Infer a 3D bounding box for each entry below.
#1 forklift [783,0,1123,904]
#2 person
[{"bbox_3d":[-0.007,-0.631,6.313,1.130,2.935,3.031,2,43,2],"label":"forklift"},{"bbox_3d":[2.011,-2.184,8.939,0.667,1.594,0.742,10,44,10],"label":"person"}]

What you should do:
Make an exact copy of every line in the data.

Output of the exercise:
Infer a 3D bounding box for each entry below.
#1 forklift [783,0,1123,904]
#2 person
[{"bbox_3d":[-0.007,-0.631,6.313,1.130,2.935,3.031,2,43,2],"label":"forklift"},{"bbox_3d":[2.011,-2.184,8.939,0.667,1.594,0.742,10,44,10],"label":"person"}]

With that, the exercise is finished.